Source data
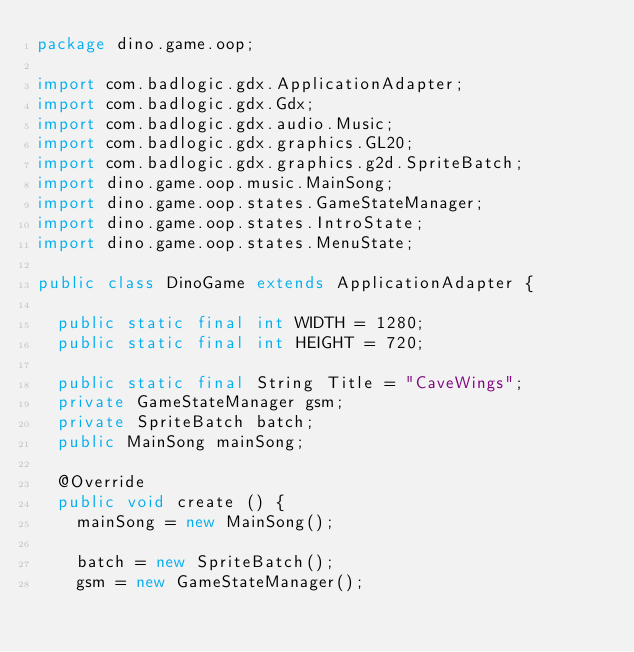<code> <loc_0><loc_0><loc_500><loc_500><_Java_>package dino.game.oop;

import com.badlogic.gdx.ApplicationAdapter;
import com.badlogic.gdx.Gdx;
import com.badlogic.gdx.audio.Music;
import com.badlogic.gdx.graphics.GL20;
import com.badlogic.gdx.graphics.g2d.SpriteBatch;
import dino.game.oop.music.MainSong;
import dino.game.oop.states.GameStateManager;
import dino.game.oop.states.IntroState;
import dino.game.oop.states.MenuState;

public class DinoGame extends ApplicationAdapter {

	public static final int WIDTH = 1280;
	public static final int HEIGHT = 720;

	public static final String Title = "CaveWings";
	private GameStateManager gsm;
	private SpriteBatch batch;
	public MainSong mainSong;

	@Override
	public void create () {
		mainSong = new MainSong();

		batch = new SpriteBatch();
		gsm = new GameStateManager();</code> 
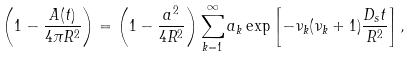Convert formula to latex. <formula><loc_0><loc_0><loc_500><loc_500>\left ( 1 - \frac { A ( t ) } { 4 \pi R ^ { 2 } } \right ) = \left ( 1 - \frac { a ^ { 2 } } { 4 R ^ { 2 } } \right ) \sum _ { k = 1 } ^ { \infty } a _ { k } \exp \left [ - \nu _ { k } ( \nu _ { k } + 1 ) \frac { D _ { s } t } { R ^ { 2 } } \right ] ,</formula> 
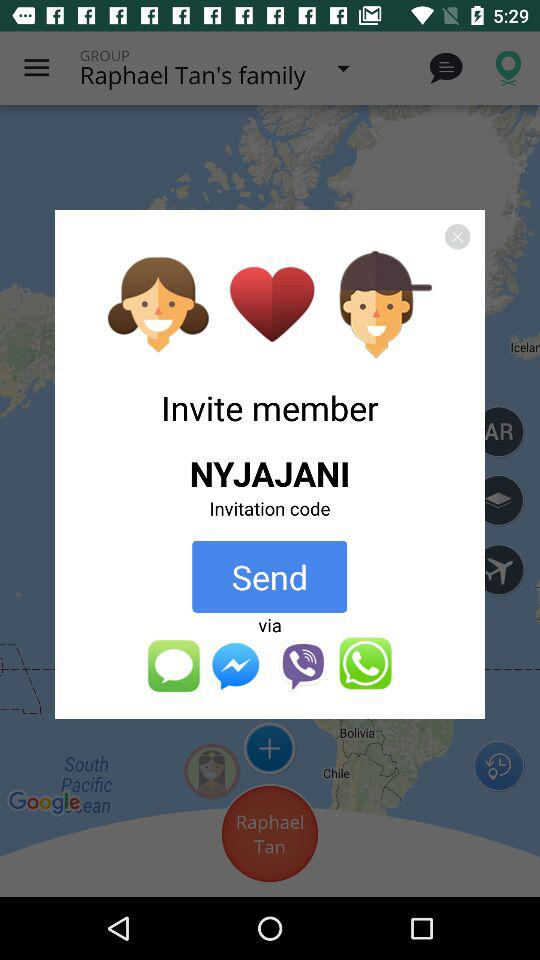What is the name of the "Invite member"? The name is "NYJAJANI". 
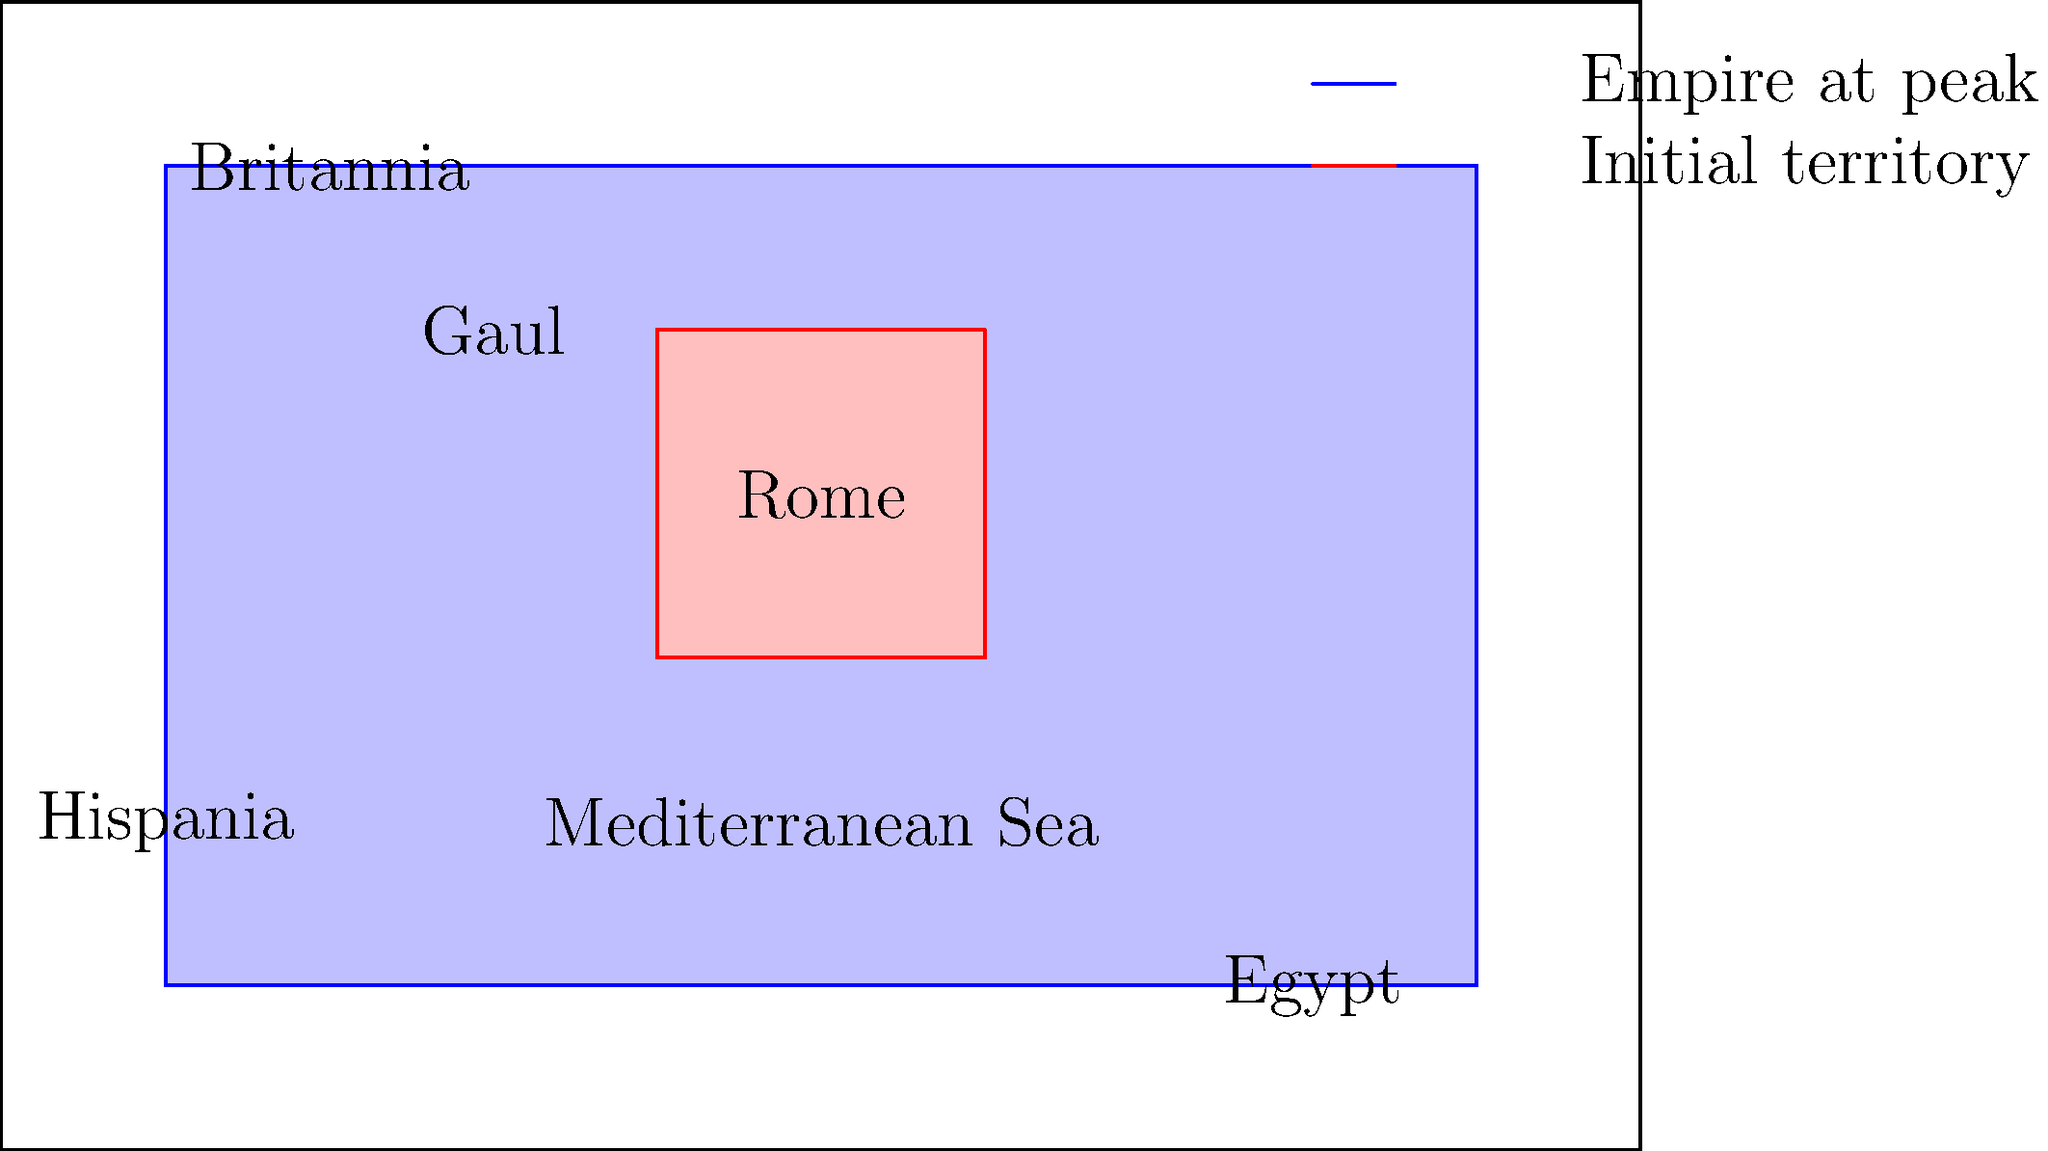Based on the map showing the expansion of the Roman Empire, which region represented a significant naval conquest for Rome, allowing them to control important trade routes in the Mediterranean? To answer this question, let's analyze the map step-by-step:

1. The map shows the Roman Empire at its peak (blue area) and the initial Roman territory (red area).

2. The initial territory is centered around Rome in the Italian Peninsula.

3. The empire at its peak extends to various regions, including:
   - Britannia (modern-day Britain) in the northwest
   - Hispania (modern-day Spain and Portugal) in the southwest
   - Gaul (modern-day France) in the west
   - Egypt in the southeast

4. The Mediterranean Sea is prominently labeled on the map.

5. Among these regions, Egypt stands out as a significant naval conquest for several reasons:
   - It's located across the Mediterranean Sea from Rome, requiring naval power to conquer and control.
   - Egypt was known for its abundant grain production, which was crucial for feeding Rome's growing population.
   - Controlling Egypt gave Rome direct access to the Red Sea and Indian Ocean trade routes.
   - The city of Alexandria in Egypt was a major center of commerce and learning in the ancient world.

6. By conquering Egypt, Rome gained control over the entire Mediterranean coast, effectively turning it into a "Roman lake" and securing important trade routes.

Therefore, Egypt represents the most significant naval conquest shown on this map, allowing Rome to control crucial Mediterranean trade routes.
Answer: Egypt 
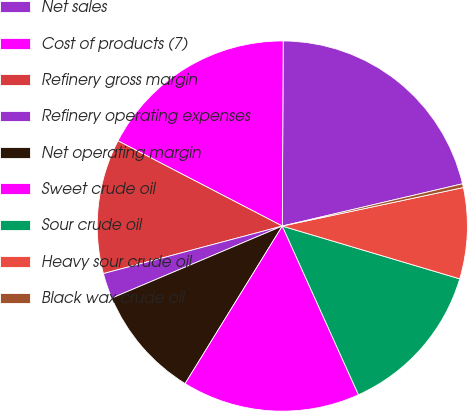<chart> <loc_0><loc_0><loc_500><loc_500><pie_chart><fcel>Net sales<fcel>Cost of products (7)<fcel>Refinery gross margin<fcel>Refinery operating expenses<fcel>Net operating margin<fcel>Sweet crude oil<fcel>Sour crude oil<fcel>Heavy sour crude oil<fcel>Black wax crude oil<nl><fcel>21.26%<fcel>17.46%<fcel>11.75%<fcel>2.23%<fcel>9.84%<fcel>15.55%<fcel>13.65%<fcel>7.94%<fcel>0.33%<nl></chart> 
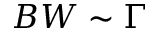<formula> <loc_0><loc_0><loc_500><loc_500>B W \sim \Gamma</formula> 
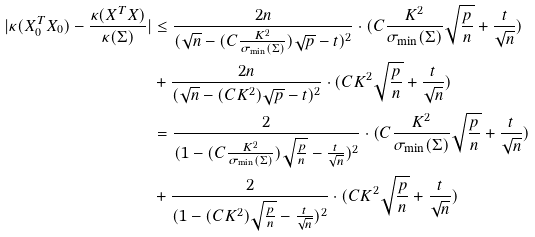<formula> <loc_0><loc_0><loc_500><loc_500>| \kappa ( X _ { 0 } ^ { T } X _ { 0 } ) - \frac { \kappa ( X ^ { T } X ) } { \kappa ( \Sigma ) } | & \leq \frac { 2 n } { ( \sqrt { n } - ( C \frac { K ^ { 2 } } { \sigma _ { \min } ( \Sigma ) } ) \sqrt { p } - t ) ^ { 2 } } \cdot ( C \frac { K ^ { 2 } } { \sigma _ { \min } ( \Sigma ) } \sqrt { \frac { p } { n } } + \frac { t } { \sqrt { n } } ) \\ & + \frac { 2 n } { ( \sqrt { n } - ( C K ^ { 2 } ) \sqrt { p } - t ) ^ { 2 } } \cdot ( C K ^ { 2 } \sqrt { \frac { p } { n } } + \frac { t } { \sqrt { n } } ) \\ & = \frac { 2 } { ( 1 - ( C \frac { K ^ { 2 } } { \sigma _ { \min } ( \Sigma ) } ) \sqrt { \frac { p } { n } } - \frac { t } { \sqrt { n } } ) ^ { 2 } } \cdot ( C \frac { K ^ { 2 } } { \sigma _ { \min } ( \Sigma ) } \sqrt { \frac { p } { n } } + \frac { t } { \sqrt { n } } ) \\ & + \frac { 2 } { ( 1 - ( C K ^ { 2 } ) \sqrt { \frac { p } { n } } - \frac { t } { \sqrt { n } } ) ^ { 2 } } \cdot ( C K ^ { 2 } \sqrt { \frac { p } { n } } + \frac { t } { \sqrt { n } } )</formula> 
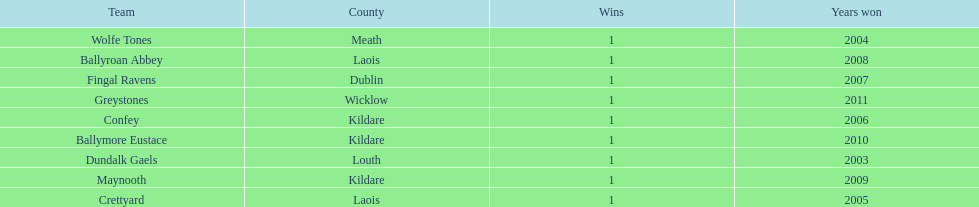What is the total of wins on the chart 9.

EXERCISE DESCRIPTION:
Give the number of lines in the entries that contain the word "SpriteBatch", without any other words.

RESPONSE AREA:
3